Im Rausch der Meere erschallen dem naiven Ohr schnell die dumpfen Rufe vergreister Ahnen, Übermut zur Last legend beschwören sie die raue See den kindhaften Gedanken einhalt zu gebieten. Kaltes Nass tobt Beifall, peitscht vom Sturm aufgehetzt in verängstigte Antlitzer bis die sich selbst das Erbarmen der Alten erbetteln hören.
Gierige Augen blicken im Zucken der Blitze mörderische Absicht, wollen den Steuermann kielholen und das Ruder selbst in die Hand nehmen. Wilde Raserei erkrallt den Geist, Donner schlagen im Takt zum kreischenden Tauwerk und das Garn der Ammenmärchen legt sich als Strick um den Hals.

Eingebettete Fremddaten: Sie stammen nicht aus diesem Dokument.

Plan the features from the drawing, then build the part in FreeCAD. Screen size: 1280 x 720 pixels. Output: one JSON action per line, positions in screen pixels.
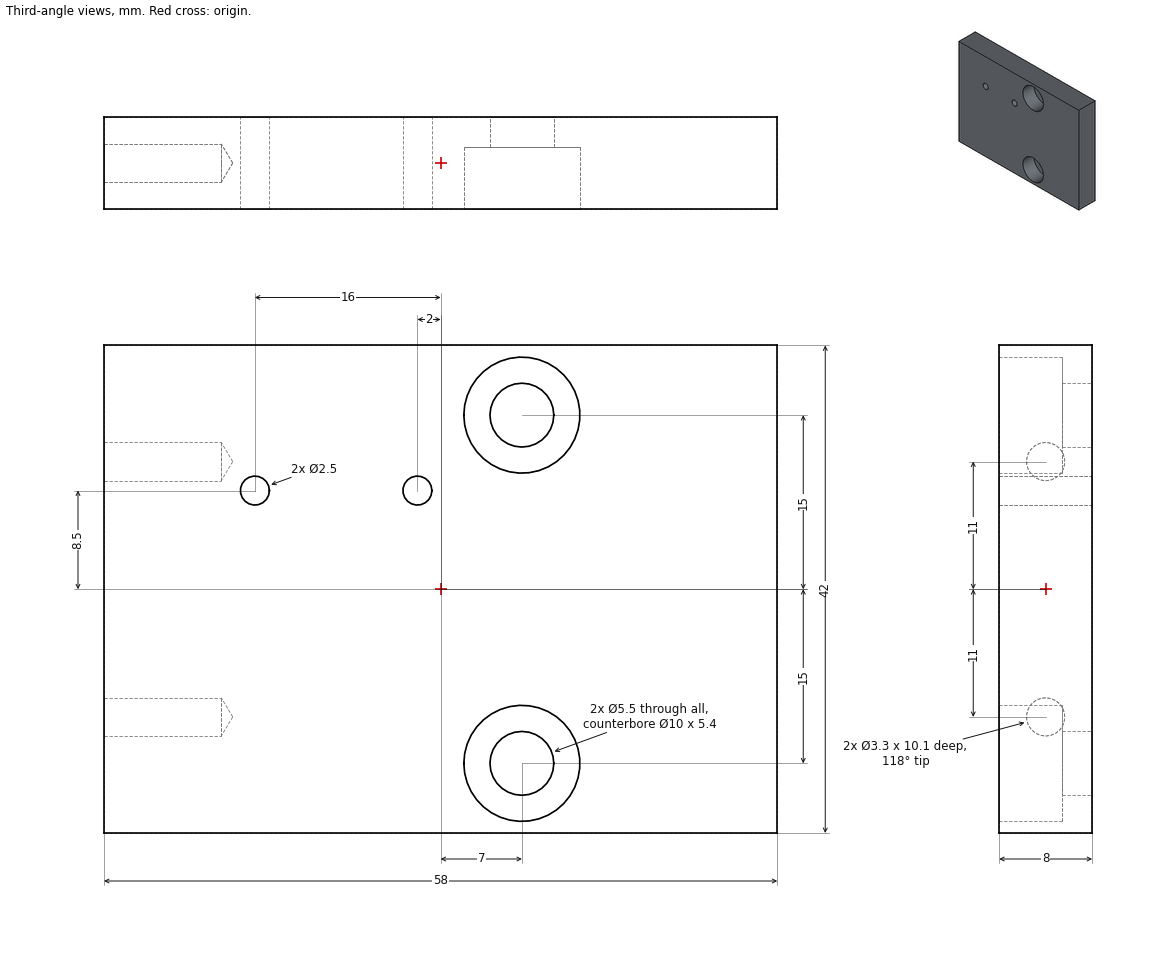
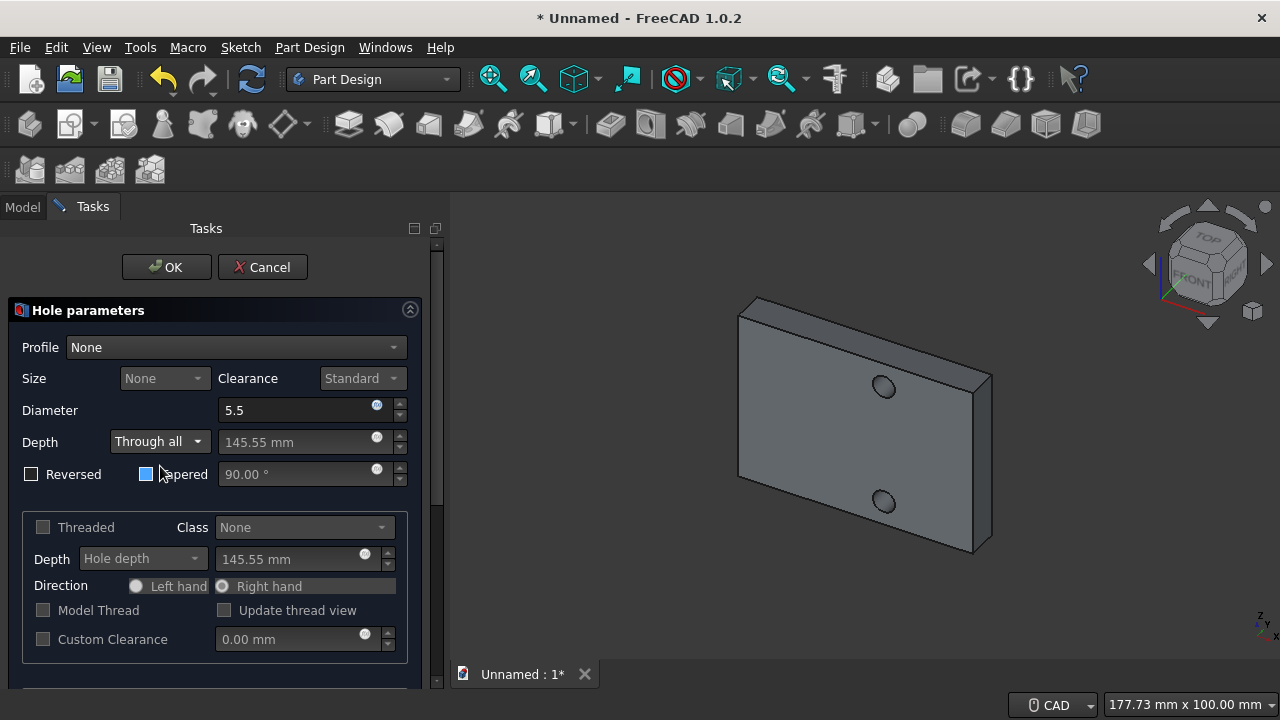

Stille folgt dem Untergang. Der Rumpf an Poseidons Wut zerschellt und die Segel zerfetzt von den Klauen des Typhoeus dümpeln die Trümmer des neuen Denkens auf diesigen Gewässern dahin. Vom Unheil des Altertums gebrochene Gedankenfragmente findet der Geist über Meilen verstreut, langsam verdrängt Salzwasser die letzte Luft aus den ermorschenden Planken und zieht sie in seine Tiefen herab. Neues Leben ergießt sich über das Wrack und zersetzt dies Ende in seinen Beginn, die verschiedene Oberwelt findet ihren Fortgang am Meeresgrund.
Den tosenden Schreien geht das Verklingen der Stimmen nach während im Hafen des Altertums, Handelszentrum der Hörigen und Gelehrigen, Nachwuchs gezogen wird mit Meeres Frucht und ahnengläubigen Gedanken. Vergreisung des Geistes ist Lehrfach und der Meilenfahrt des Denkens wird gehuldigt. Die kopernikanischen Revolutionen des Lebens steht in Abrede, Ewigkeit erkennen und mit ihr den Lauf der Dinge vorreden zu wissen ist Ziel der Generationen, Wiedervereinigung mit Gewesenem und Abkehr des Kommenden Heilsvorstellung ihres unbändigbaren Strebens.
Die See hat verspeist was ihr in Fangnetzen das Land entriss und Einsamkeit befällt die modernden Knochen, verlassen wurden sie von der Einheit des Körpers und den Gedanken. Genährte Gräten tümmeln sich um Korallen, vereint haben sich die Kalkskelette und beschwichtigt ist der einst lodernde Geist, lebt fortan in der tiefen Weite des Meeres.